Step 1. Create the build workspace.

Assuming working dir under /vagrant let's start to create the scala workspace.

Let's also assume we're going to name our scala basedir location scala_spark

Inside the VM run: mkdir -p /vagrant/scala_spark/src/{main,test}/{scala,resources}

This will setup our project build and test structure.

Step 2. Setup Gradle

Let's use Gradle to build a jar to submit to Spark very easily.

SBT (Scala build tool) is a very popular scala build system, but for this small project it's unnecessarily complicated. Moreoever, many data engineering teams have Java for other applications and often find themselves using Gradle for those environments. It's nice to be have a consistent build system across Java and Scala applications.

There are advantages to SBT over Gradle for Scala builds, but for this project we can keep it really simple.

Let's copy the gradle wrapper launcher from the student home directory to the scala build workspace. The gradle wrapper is a handy utility that let's you bundle a specific version of gradle on a per-application basis rather than have to rely on the system install (if any). We find this a very useful setup on our teams, especially in our CI environments.

In the VM:

cd /vagrant/scala_spark
cp -r ~/gradle .
cp ~/gradlew  .

Step 3. Create build.gradle and settings.gradle files.

Let's make a build that can bundle our utility and all dependencies, including the scala-lib runtimes, into a fat jar.

Create a file under /vagrant/scala_spark called build.gradle.

description = 'Spark job for dataset generation and analysis'
version = "1.0.0"


apply plugin: 'java'
apply plugin: 'scala'
apply plugin: 'com.github.johnrengelman.shadow'

sourceCompatibility = 1.8
targetCompatibility = 1.8


buildscript {
    repositories {
        mavenCentral()
        jcenter()
    }
    dependencies {
        classpath 'com.github.jengelman.gradle.plugins:shadow:1.2.4'
    }
}

repositories {
    mavenCentral()
    maven {
        setUrl('https://repository.cloudera.com/artifactory/cloudera-repos/')
    }
}

/**
 * Update the shadowJar task with necessary properties to compile our fat jar correctly
 */
shadowJar {
    classifier = 'jar-with-dependencies'
    zip64 = true
}

dependencies {

    compile 'org.scala-lang:scala-library:2.11'
    compile 'org.apache.spark:spark-sql_2.11:2.2.0'
    compile 'org.apache.spark:spark-core_2.11:2.2.0'
    compile 'com.github.scopt:scopt_2.11:3.7.0'
    testCompile 'org.scalatest:scalatest_2.11:3.0.4'
    testCompile 'junit:junit:4.12'
}

This sets our application up with version 1.0.0. We've configured gradle to use the java, scala, and shadow plugins. The buildScript() tag specifically let's use bootstrap the gradle shadow plugin location for use in constructing the fat jar. We also have to setup the repositories task so that gradle knows where to get the dependencies defined below.

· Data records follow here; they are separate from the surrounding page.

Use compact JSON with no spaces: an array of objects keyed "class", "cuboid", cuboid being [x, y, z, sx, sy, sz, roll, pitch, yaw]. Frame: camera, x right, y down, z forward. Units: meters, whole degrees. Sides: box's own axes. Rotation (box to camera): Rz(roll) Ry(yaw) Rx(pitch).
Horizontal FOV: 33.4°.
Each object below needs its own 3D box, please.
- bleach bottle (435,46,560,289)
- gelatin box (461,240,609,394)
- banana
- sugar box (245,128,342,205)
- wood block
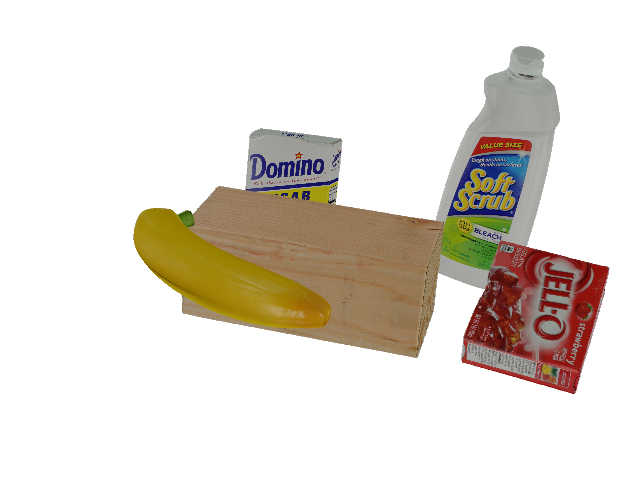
[{"class":"bleach bottle","cuboid":[0.170,-0.072,1.044,0.103,0.251,0.068,21,38,19]},{"class":"gelatin box","cuboid":[0.137,0.046,0.676,0.073,0.089,0.030,15,-39,17]},{"class":"banana","cuboid":[-0.072,0.012,0.686,0.069,0.037,0.198,-15,28,-29]},{"class":"sugar box","cuboid":[-0.033,-0.024,1.120,0.093,0.176,0.048,8,15,14]},{"class":"wood block","cuboid":[-0.006,0.024,0.915,0.206,0.090,0.090,10,27,12]}]
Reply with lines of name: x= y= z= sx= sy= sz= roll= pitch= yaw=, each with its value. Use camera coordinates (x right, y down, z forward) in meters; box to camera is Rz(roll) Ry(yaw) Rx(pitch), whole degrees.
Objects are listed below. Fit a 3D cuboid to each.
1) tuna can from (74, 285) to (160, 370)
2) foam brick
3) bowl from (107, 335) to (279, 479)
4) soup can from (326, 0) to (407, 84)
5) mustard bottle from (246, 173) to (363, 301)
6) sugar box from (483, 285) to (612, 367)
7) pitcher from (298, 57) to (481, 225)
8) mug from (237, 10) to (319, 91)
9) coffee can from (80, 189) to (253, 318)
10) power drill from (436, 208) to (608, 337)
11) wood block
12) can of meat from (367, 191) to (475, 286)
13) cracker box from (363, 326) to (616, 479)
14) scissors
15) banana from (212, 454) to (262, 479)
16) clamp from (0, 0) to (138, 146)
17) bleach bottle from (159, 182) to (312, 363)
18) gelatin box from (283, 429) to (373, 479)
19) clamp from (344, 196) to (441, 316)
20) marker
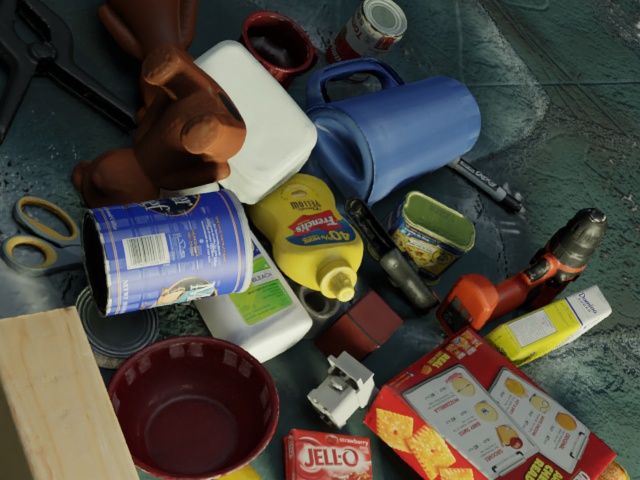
tuna can: x=-0.202 y=0.083 z=1.043 sx=0.086 sy=0.034 sz=0.086 roll=15 pitch=53 yaw=-21
foam brick: x=0.041 y=0.099 z=1.146 sx=0.051 sy=0.078 sz=0.052 roll=46 pitch=50 yaw=3
bowl: x=-0.120 y=0.168 z=0.999 sx=0.162 sy=0.055 sz=0.162 roll=3 pitch=46 yaw=-3
soup can: x=0.060 y=-0.260 z=1.386 sx=0.068 sy=0.102 sz=0.068 roll=15 pitch=55 yaw=-22
mustard bottle: x=-0.007 y=0.001 z=1.149 sx=0.096 sy=0.058 sz=0.192 roll=-5 pitch=37 yaw=-23
sugar box: x=0.256 y=0.111 z=1.254 sx=0.175 sy=0.093 sz=0.048 roll=-15 pitch=68 yaw=-36
pitcher: x=0.084 y=-0.134 z=1.294 sx=0.145 sy=0.149 sz=0.242 roll=37 pitch=40 yaw=26
mug: x=-0.057 y=-0.217 z=1.301 sx=0.117 sy=0.082 sz=0.093 roll=-8 pitch=64 yaw=-34
coffee can: x=-0.147 y=0.011 z=1.014 sx=0.140 sy=0.103 sz=0.103 roll=-10 pitch=64 yaw=-22
power drill: x=0.236 y=0.045 z=1.239 sx=0.187 sy=0.185 sz=0.057 roll=-21 pitch=63 yaw=-29
wood block: x=-0.231 y=0.174 z=0.926 sx=0.090 sy=0.091 sz=0.206 roll=-10 pitch=65 yaw=-36
can of meat: x=0.120 y=-0.003 z=1.258 sx=0.102 sy=0.084 sz=0.057 roll=26 pitch=50 yaw=-13
cracker box: x=0.177 y=0.208 z=1.120 sx=0.214 sy=0.072 sz=0.163 roll=41 pitch=41 yaw=20
scissors: x=-0.233 y=0.031 z=1.072 sx=0.201 sy=0.016 sz=0.096 roll=38 pitch=49 yaw=-2
banana: x=-0.067 y=0.274 z=0.994 sx=0.069 sy=0.037 sz=0.198 roll=-22 pitch=67 yaw=-10
clamp: x=-0.297 y=-0.194 z=1.173 sx=0.164 sy=0.036 sz=0.210 roll=-4 pitch=61 yaw=-32
bleach bottle: x=-0.115 y=0.013 z=1.125 sx=0.102 sy=0.068 sz=0.251 roll=-22 pitch=70 yaw=-38
gelatin box: x=0.008 y=0.232 z=1.068 sx=0.089 sy=0.030 sz=0.073 roll=13 pitch=54 yaw=-23
clamp: x=0.084 y=0.023 z=1.202 sx=0.171 sy=0.039 sz=0.120 roll=52 pitch=9 yaw=-49
marker: x=0.216 y=-0.075 z=1.406 sx=0.121 sy=0.020 sz=0.020 roll=36 pitch=48 yaw=-4
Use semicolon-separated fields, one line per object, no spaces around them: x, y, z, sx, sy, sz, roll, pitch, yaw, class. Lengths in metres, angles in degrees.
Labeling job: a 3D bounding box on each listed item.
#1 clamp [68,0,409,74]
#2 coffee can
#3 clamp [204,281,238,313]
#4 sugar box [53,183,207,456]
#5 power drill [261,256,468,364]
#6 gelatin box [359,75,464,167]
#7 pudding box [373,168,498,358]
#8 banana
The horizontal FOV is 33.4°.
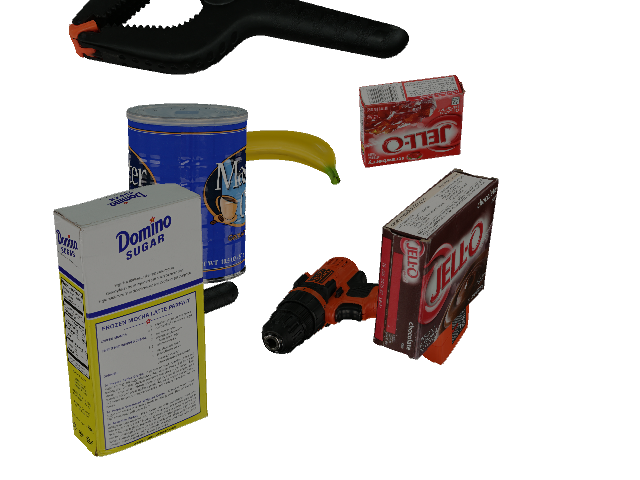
-0.056;-0.155;0.692;0.210;0.164;0.036;-27;-17;-9;clamp
-0.115;-0.043;0.921;0.103;0.140;0.103;1;14;-1;coffee can
-0.171;0.083;1.166;0.120;0.039;0.171;-6;25;31;clamp
-0.128;0.054;0.735;0.093;0.176;0.048;-17;28;-36;sugar box
0.051;0.078;1.122;0.188;0.057;0.184;10;28;23;power drill
0.080;-0.103;0.935;0.089;0.030;0.073;-7;-42;-3;gelatin box
0.078;0.013;0.718;0.039;0.090;0.113;18;33;24;pudding box
-0.063;-0.110;1.320;0.198;0.037;0.069;6;38;17;banana
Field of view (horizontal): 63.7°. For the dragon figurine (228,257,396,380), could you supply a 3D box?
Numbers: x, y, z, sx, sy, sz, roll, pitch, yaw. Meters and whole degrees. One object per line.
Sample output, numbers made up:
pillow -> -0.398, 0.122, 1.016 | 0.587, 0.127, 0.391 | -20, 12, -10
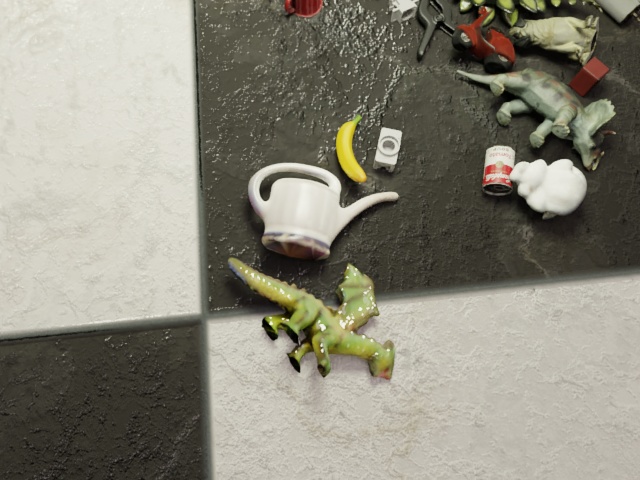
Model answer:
dragon figurine -> 0.009, 0.143, 1.112 | 0.246, 0.120, 0.413 | -32, 77, -28

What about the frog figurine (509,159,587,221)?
frog figurine -> 0.518, -0.130, 1.165 | 0.158, 0.124, 0.137 | 39, 94, -24

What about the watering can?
watering can -> 0.004, -0.058, 1.162 | 0.347, 0.102, 0.228 | 12, 69, -6
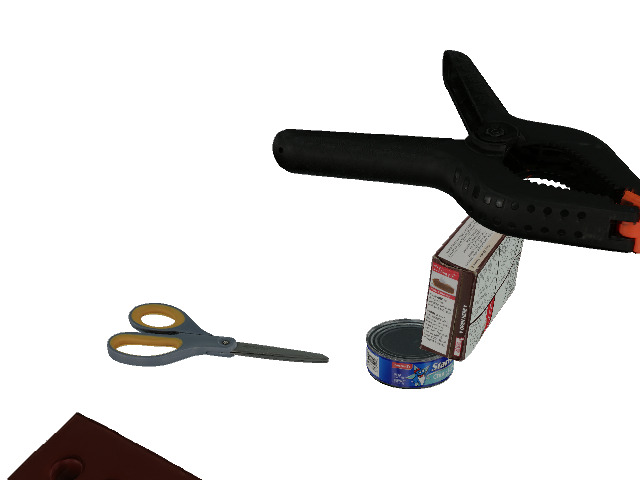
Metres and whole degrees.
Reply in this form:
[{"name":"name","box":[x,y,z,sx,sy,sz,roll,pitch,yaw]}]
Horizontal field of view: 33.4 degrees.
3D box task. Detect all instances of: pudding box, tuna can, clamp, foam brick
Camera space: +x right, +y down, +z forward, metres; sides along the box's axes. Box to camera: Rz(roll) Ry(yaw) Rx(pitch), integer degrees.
[{"name":"pudding box","box":[0.119,0.024,0.809,0.039,0.090,0.113,19,39,22]},{"name":"tuna can","box":[0.087,0.109,1.030,0.086,0.034,0.086,-1,22,0]},{"name":"clamp","box":[0.086,-0.044,0.602,0.164,0.036,0.210,-26,42,-28]},{"name":"foam brick","box":[-0.084,0.119,0.437,0.078,0.051,0.052,21,45,26]}]

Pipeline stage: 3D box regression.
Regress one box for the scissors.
[{"name":"scissors","box":[-0.098,0.089,1.006,0.201,0.016,0.096,-1,32,-9]}]
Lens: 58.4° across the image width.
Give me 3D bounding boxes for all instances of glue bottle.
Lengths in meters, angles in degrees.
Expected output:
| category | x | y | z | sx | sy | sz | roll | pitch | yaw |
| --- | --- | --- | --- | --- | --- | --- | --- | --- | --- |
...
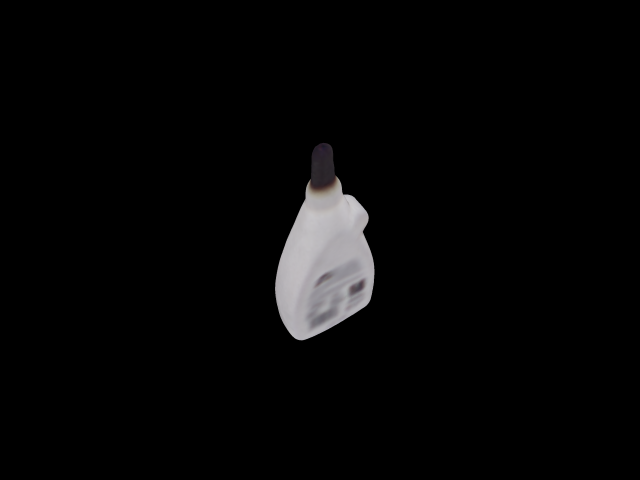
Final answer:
| category | x | y | z | sx | sy | sz | roll | pitch | yaw |
| --- | --- | --- | --- | --- | --- | --- | --- | --- | --- |
| glue bottle | 0.004 | 0.001 | 0.400 | 0.078 | 0.173 | 0.037 | -25 | 54 | -20 |
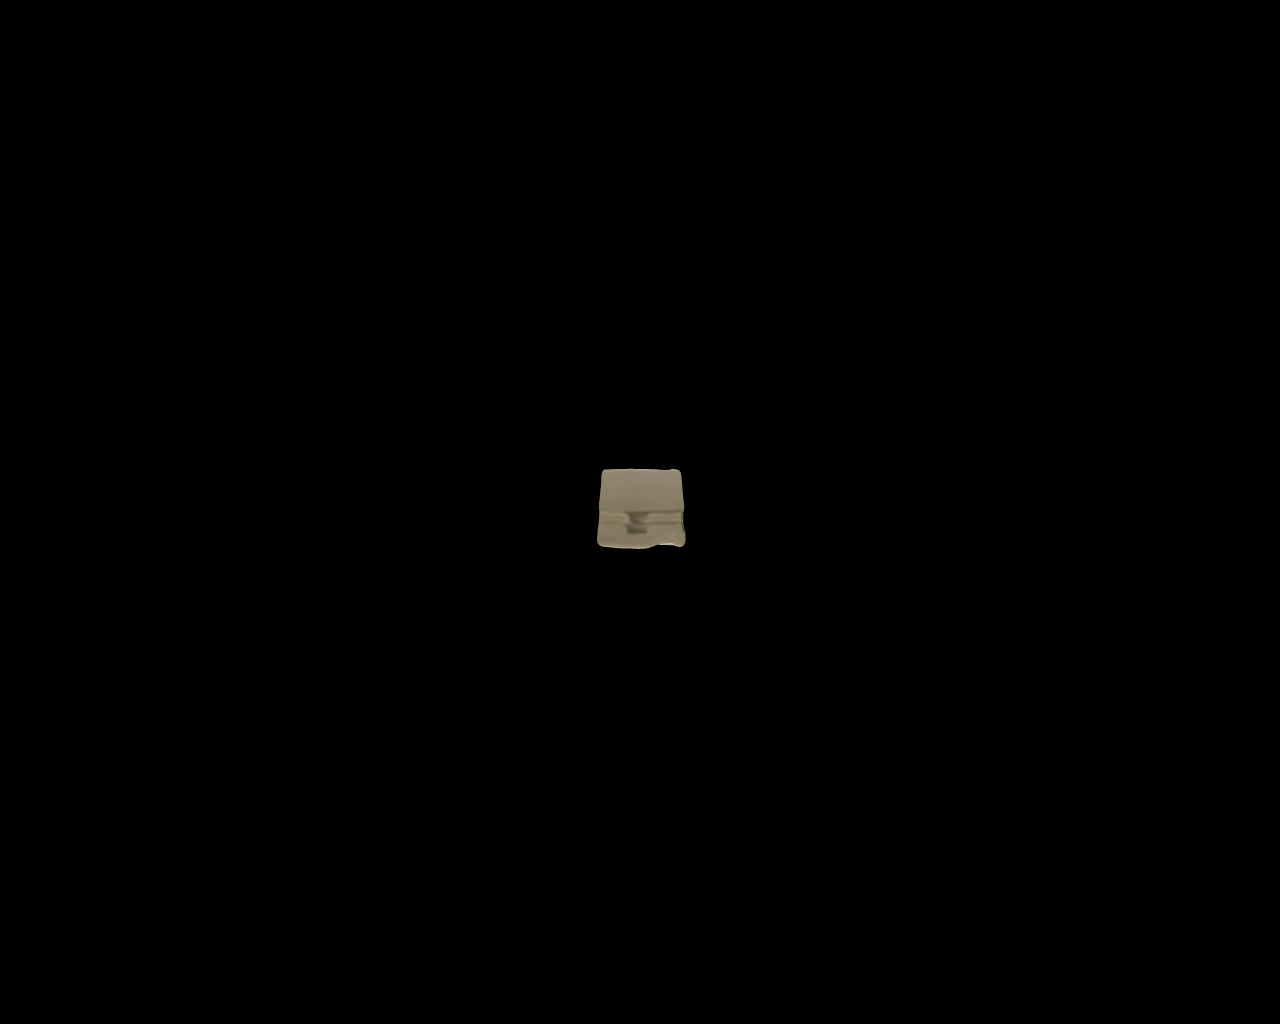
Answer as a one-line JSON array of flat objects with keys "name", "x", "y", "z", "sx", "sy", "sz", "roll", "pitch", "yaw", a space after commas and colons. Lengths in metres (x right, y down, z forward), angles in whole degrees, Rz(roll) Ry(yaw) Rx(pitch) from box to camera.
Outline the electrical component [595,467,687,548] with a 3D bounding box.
[{"name": "electrical component", "x": 0.001, "y": -0.003, "z": 0.650, "sx": 0.055, "sy": 0.047, "sz": 0.055, "roll": 0, "pitch": 0, "yaw": 0}]

For the shadowJar build option, we tell it to suffix the jar name with jar-with-dependencies to clearly denote the artifact is a fat jar. We also tell it to use zip base64 encoding for bytecode to save space.

Our dependencies are also clearly listed. This will include everything we need for this assignment.

  1. Scala lib 2.11
  2. Spark core 2.2.0
  3. Spark sql 2.2.0
  4. A custom Scala opt for command line argument parsing which I'm fond of. It's easy to use.
  5. Scala test and Junit for easy unit testing.

We're not totally done this step. We also want to define settings.gradle for any custom property overrides or variables to use in the build. In our case we can set rootProject.name = 'song_plays' in order to override gradle's default behavior of creating a jar with the basedir name.

In the same location as the build.gradle file, create the file settings.gradle and add the single line

rootProject.name = 'song_plays'

CHECKPOINT: From the scala_spark basedir location with your build script, run ./gradlew clean shadowJar

It can take a minute or so to initialize the build for the first time, but you should eventually see BUILD SUCCESSFUL

Additional note: All the dependency jars for compile and testCompile are already pre-cached in the VM, which is why you don't see any downloads happening.

Step 4. Create Scala launcher object.

Let's create the packages for both our launcher and tests.

From to the basedir scala_spark location in the VM, run mkdir -p src/{main,test}/scala/com/song/plays.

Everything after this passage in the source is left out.